Batch Or Stream
Sometimes you can turn a traditionally "batch" oriented algorithm into a streaming one which trades off memory for time.
Exponential Decay
The exponential decay function \(e^{(-\lambda\cdot x)}\) (where \(\lambda\) is the rate of decay) has this response:
Figure 1: exponential decay from wikipedia
Continuous exponential decay is costly to compute for a typical microprocessor, but a discrete time variant is cheap:
\[N(t) = N(t-1) \cdot \lambda\]
where \(\lambda\) is a fractional value between 0 and 1, \(N(t)\) is the current sample and \(N(t-1)\) is the previous sample. By reusing the previous value to compute the current value, we can accumulate the previous state along with the change over a series of steps. At any given moment we have a value which is a snapshot of the course of the function. Not only is this both compute- and memory-efficient, in some applications it might be exactly what you need.
Autocorrelation
At first I assumed this function would be impractical to implement on a resource-constrained device like a microcontroller, but it turns out I was wrong. Assume you begin with an array of samples of your signal. To construct an autocorrelation of that signal, you first examine a short window of samples within the original array, then compute the dot product of the samples in that window with the original samples.
Then you advance the window one sample and repeat the process. If you keep track of the results you can plot a new function which is the autocorrelation of the signal with itself. For periodic signals, when the window is a near match with the original, the dot product value is high. When the window and original don't match, the dot product value is low. Autocorrelation can be used to detect a periodic signal in the presence of noise which would hinder simpler methods like counting zero crossings.

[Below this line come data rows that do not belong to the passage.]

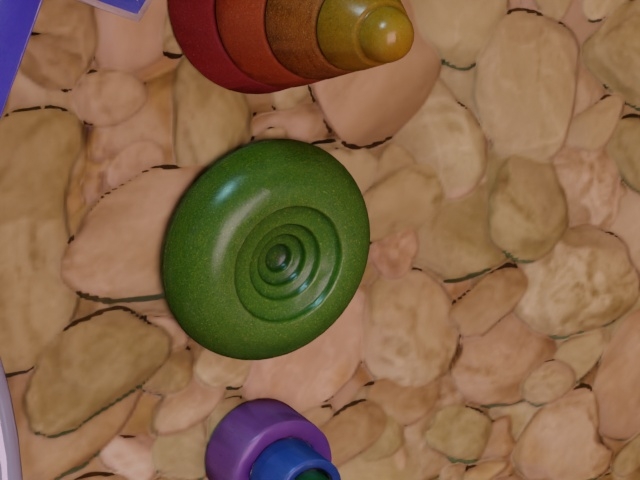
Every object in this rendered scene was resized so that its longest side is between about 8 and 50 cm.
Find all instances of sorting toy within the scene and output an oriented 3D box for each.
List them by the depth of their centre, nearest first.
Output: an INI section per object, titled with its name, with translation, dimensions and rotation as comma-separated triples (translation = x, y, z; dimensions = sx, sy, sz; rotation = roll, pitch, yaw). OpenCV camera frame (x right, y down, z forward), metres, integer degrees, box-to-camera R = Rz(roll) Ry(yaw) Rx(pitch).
[sorting toy]
translation = 0.000, 0.000, 1.030
dimensions = 0.127, 0.126, 0.365
rotation = -10, 114, -30

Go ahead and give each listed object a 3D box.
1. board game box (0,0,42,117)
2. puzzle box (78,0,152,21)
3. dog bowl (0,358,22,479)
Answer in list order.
[board game box]
translation = -0.247, -0.055, 0.847
dimensions = 0.214, 0.046, 0.317
rotation = 6, 120, -34
[puzzle box]
translation = -0.177, -0.265, 0.792
dimensions = 0.409, 0.052, 0.272
rotation = 16, 117, -39
[dog bowl]
translation = -0.237, 0.110, 0.723
dimensions = 0.349, 0.102, 0.348
rotation = 10, 78, -62
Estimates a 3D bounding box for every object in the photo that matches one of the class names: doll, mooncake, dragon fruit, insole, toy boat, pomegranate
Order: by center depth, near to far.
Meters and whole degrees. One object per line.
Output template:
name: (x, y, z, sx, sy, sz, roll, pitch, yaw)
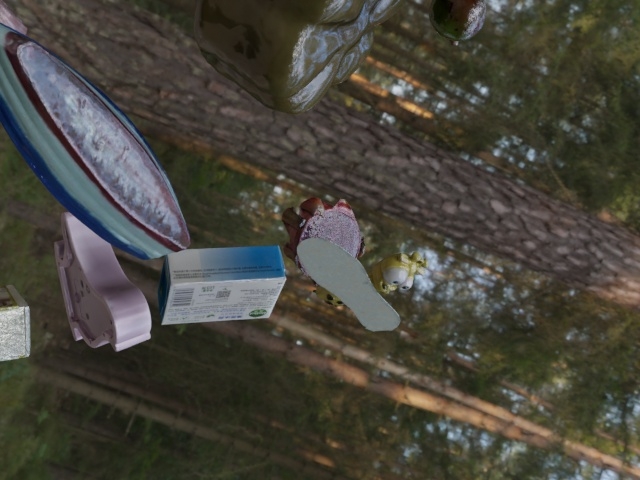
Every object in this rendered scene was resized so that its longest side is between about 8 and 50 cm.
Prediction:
toy boat: (-0.153, -0.061, 0.463, 0.080, 0.046, 0.229, -57, 147, -22)
insole: (0.040, 0.059, 0.863, 0.065, 0.197, 0.004, -26, -144, 25)
dragon fruit: (0.000, -0.005, 0.926, 0.112, 0.126, 0.068, -49, -145, -4)
mooncake: (-0.018, -0.475, 1.350, 0.467, 0.262, 0.467, -51, 171, -11)
pomegranate: (0.294, -0.484, 1.456, 0.130, 0.130, 0.130, -158, -90, -78)
doll: (0.117, 0.093, 1.600, 0.291, 0.117, 0.086, -20, -123, 30)

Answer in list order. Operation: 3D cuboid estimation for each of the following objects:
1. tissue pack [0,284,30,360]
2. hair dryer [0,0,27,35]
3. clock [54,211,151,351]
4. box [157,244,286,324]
tissue pack: (-0.625, 0.157, 1.321, 0.149, 0.099, 0.106, 22, -69, 53)
hair dryer: (-0.583, -0.307, 1.082, 0.210, 0.125, 0.352, -44, -153, -4)
clock: (-0.454, 0.077, 1.399, 0.275, 0.080, 0.290, 5, -72, 50)
box: (-0.170, 0.077, 1.164, 0.139, 0.194, 0.073, 117, -36, -51)
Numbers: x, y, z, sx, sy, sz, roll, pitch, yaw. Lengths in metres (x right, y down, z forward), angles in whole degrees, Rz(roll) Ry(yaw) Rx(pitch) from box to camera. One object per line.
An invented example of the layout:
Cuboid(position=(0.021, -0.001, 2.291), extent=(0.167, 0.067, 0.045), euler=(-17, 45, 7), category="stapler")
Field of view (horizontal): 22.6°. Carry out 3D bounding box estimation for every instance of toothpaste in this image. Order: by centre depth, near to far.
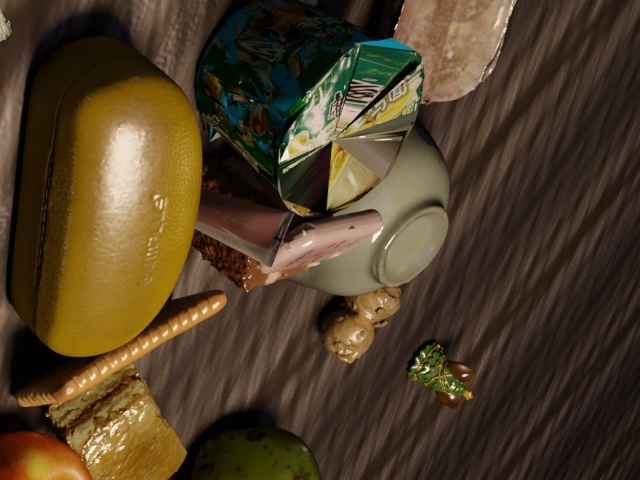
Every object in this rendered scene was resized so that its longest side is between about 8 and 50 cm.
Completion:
Cuboid(position=(-0.115, -0.029, 1.843), extent=(0.043, 0.194, 0.067), euler=(25, 87, -54), category="toothpaste")

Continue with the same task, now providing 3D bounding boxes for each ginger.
Cuboid(position=(0.073, 0.078, 2.302), extent=(0.080, 0.104, 0.204), euler=(34, 93, -16), category="ginger")

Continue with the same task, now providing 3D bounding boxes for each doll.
Cuboid(position=(0.191, 0.218, 2.571), extent=(0.076, 0.113, 0.078), euler=(9, 115, -40), category="doll")

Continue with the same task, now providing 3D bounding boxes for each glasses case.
Cuboid(position=(-0.226, -0.038, 1.747), extent=(0.173, 0.141, 0.371), euler=(-22, 138, -40), category="glasses case")

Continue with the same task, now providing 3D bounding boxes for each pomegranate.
Cuboid(position=(-0.116, 0.378, 2.282), extent=(0.248, 0.214, 0.214), euler=(-29, 161, 32), category="pomegranate")

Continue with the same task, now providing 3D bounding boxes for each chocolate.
Cuboid(position=(0.153, -0.315, 1.994), extent=(0.185, 0.100, 0.303), euler=(-7, 125, -36), category="chocolate")

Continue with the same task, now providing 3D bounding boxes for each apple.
Cuboid(position=(-0.355, 0.306, 1.912), extent=(0.163, 0.139, 0.163), euler=(-1, 91, -45), category="apple")

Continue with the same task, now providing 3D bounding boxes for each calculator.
Cuboid(position=(0.000, 0.000, 1.886), extent=(0.100, 0.032, 0.175), euler=(-32, 168, 40), category="calculator")

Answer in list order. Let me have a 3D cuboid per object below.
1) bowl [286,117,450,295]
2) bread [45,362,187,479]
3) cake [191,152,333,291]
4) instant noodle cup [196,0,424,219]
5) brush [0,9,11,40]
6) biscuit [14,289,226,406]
Cuboid(position=(0.077, -0.031, 2.137), extent=(0.289, 0.146, 0.289), euler=(-34, 145, -28), category="bowl")
Cuboid(position=(-0.257, 0.251, 2.036), extent=(0.138, 0.102, 0.196), euler=(-41, 146, -21), category="bread")
Cuboid(position=(-0.071, -0.032, 1.953), extent=(0.147, 0.135, 0.135), euler=(-22, 141, -34), category="cake")
Cuboid(position=(-0.021, -0.167, 1.842), extent=(0.240, 0.178, 0.240), euler=(-33, 144, -28), category="instant noodle cup")
Cuboid(position=(-0.350, -0.250, 1.498), extent=(0.082, 0.010, 0.218), euler=(-38, 145, -21), category="brush")
Cuboid(position=(-0.237, 0.130, 1.914), extent=(0.249, 0.160, 0.030), euler=(-31, 98, -31), category="biscuit")

Large arrays of values are a poor match for memory-constrained microcontroller devices. But again if we think of this as a discrete time algorithm we can fold previous state into the current computation with a single value from memory:
data = [1,2,3,0,-4,-3,-2,...] # samples for i in range(N): dot = 0 for j in range(W): dot += (data[i] * data[i+j]) / max(data) print(dot)

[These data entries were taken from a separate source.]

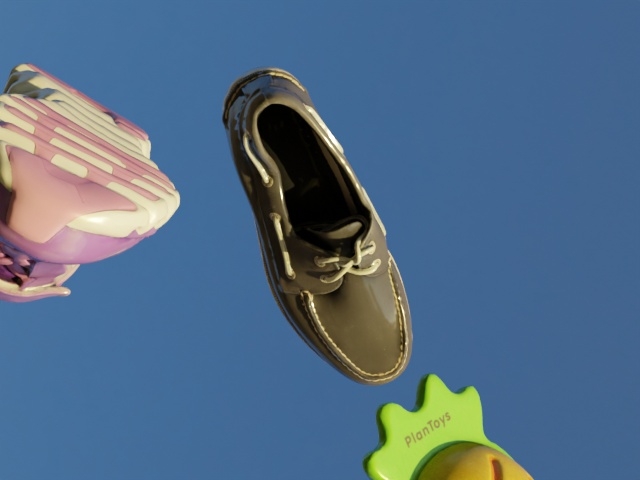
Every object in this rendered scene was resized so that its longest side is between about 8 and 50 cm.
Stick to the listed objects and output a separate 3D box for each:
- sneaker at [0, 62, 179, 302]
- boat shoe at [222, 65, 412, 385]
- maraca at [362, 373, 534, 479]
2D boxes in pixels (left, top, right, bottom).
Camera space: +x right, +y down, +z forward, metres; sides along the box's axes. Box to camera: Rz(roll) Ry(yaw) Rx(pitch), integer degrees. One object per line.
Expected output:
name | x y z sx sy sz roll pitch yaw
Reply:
sneaker | -0.133 -0.013 0.828 0.095 0.236 0.104 33 -85 -12
boat shoe | 0.000 0.000 1.011 0.075 0.065 0.206 -24 -75 -4
maraca | 0.090 0.178 1.121 0.099 0.127 0.185 -16 -79 49
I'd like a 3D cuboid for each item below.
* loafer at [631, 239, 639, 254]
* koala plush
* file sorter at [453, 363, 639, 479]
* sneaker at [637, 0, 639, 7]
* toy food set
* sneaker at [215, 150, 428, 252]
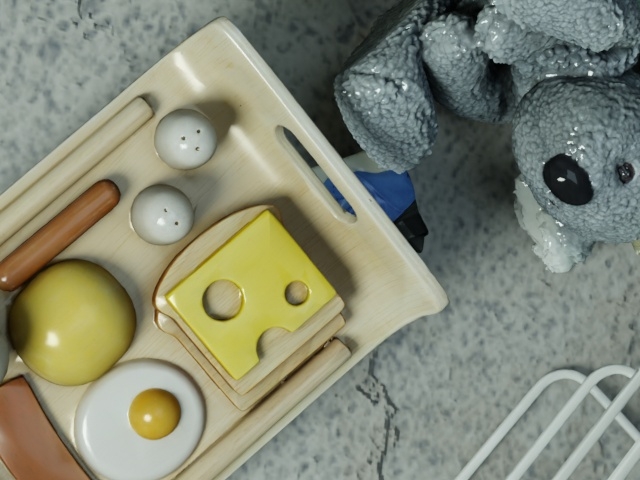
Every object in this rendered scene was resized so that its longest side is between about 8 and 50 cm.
[{"bbox_3d":[0.313,-0.022,1.337,0.251,0.094,0.087,2,88,-15],"label":"loafer"},{"bbox_3d":[0.157,-0.091,1.217,0.221,0.196,0.203,50,31,-13],"label":"koala plush"},{"bbox_3d":[0.216,0.179,1.158,0.173,0.278,0.193,47,67,-10],"label":"file sorter"},{"bbox_3d":[0.228,-0.159,1.301,0.256,0.094,0.151,24,68,-23],"label":"sneaker"},{"bbox_3d":[-0.103,0.052,1.099,0.306,0.092,0.219,-41,101,-8],"label":"toy food set"},{"bbox_3d":[0.000,0.000,1.200,0.152,0.058,0.084,-20,84,-32],"label":"sneaker"}]
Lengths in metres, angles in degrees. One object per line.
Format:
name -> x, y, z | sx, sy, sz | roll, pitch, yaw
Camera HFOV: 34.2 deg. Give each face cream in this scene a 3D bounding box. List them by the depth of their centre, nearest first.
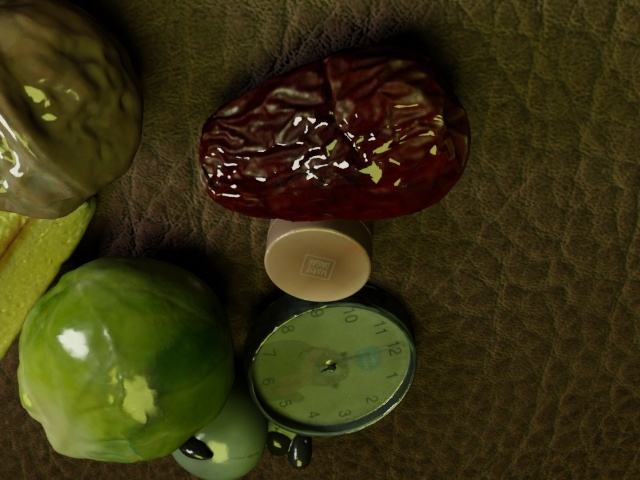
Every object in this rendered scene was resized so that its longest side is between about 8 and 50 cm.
face cream -> 0.000, 0.000, 1.458 | 0.149, 0.104, 0.149 | 3, 135, 3

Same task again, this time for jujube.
jujube -> 0.012, -0.119, 1.286 | 0.342, 0.216, 0.216 | -10, 133, 24

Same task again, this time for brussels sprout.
brussels sprout -> -0.282, 0.176, 1.554 | 0.344, 0.268, 0.344 | 7, 121, 12

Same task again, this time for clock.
clock -> 0.018, 0.191, 1.625 | 0.281, 0.055, 0.280 | -4, 122, -7

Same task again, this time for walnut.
walnut -> -0.349, -0.160, 1.250 | 0.273, 0.227, 0.273 | 6, 132, 7

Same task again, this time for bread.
bread -> -0.508, -0.009, 1.529 | 0.233, 0.245, 0.361 | 35, 97, -37

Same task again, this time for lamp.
lamp -> -0.141, 0.308, 1.735 | 0.244, 0.197, 0.197 | 8, 138, -25

While this example uses Python style pseudocode, the algorithm itself could be written in C or C++ suitable for embedded devices. The key insight is we do not need to store all previous values of dot if we only actually use the most recent value.
Others?
I'm sure there are other functions/algorithms that come in both continuous and discrete-time variants. There may even be a general method to convert from one from to the other. However I suspect they're not all equally usable in a microcontroller context. For now I suppose I'll have to be content with searching the web for "discrete time version of X" for whatever X I happen to be working with.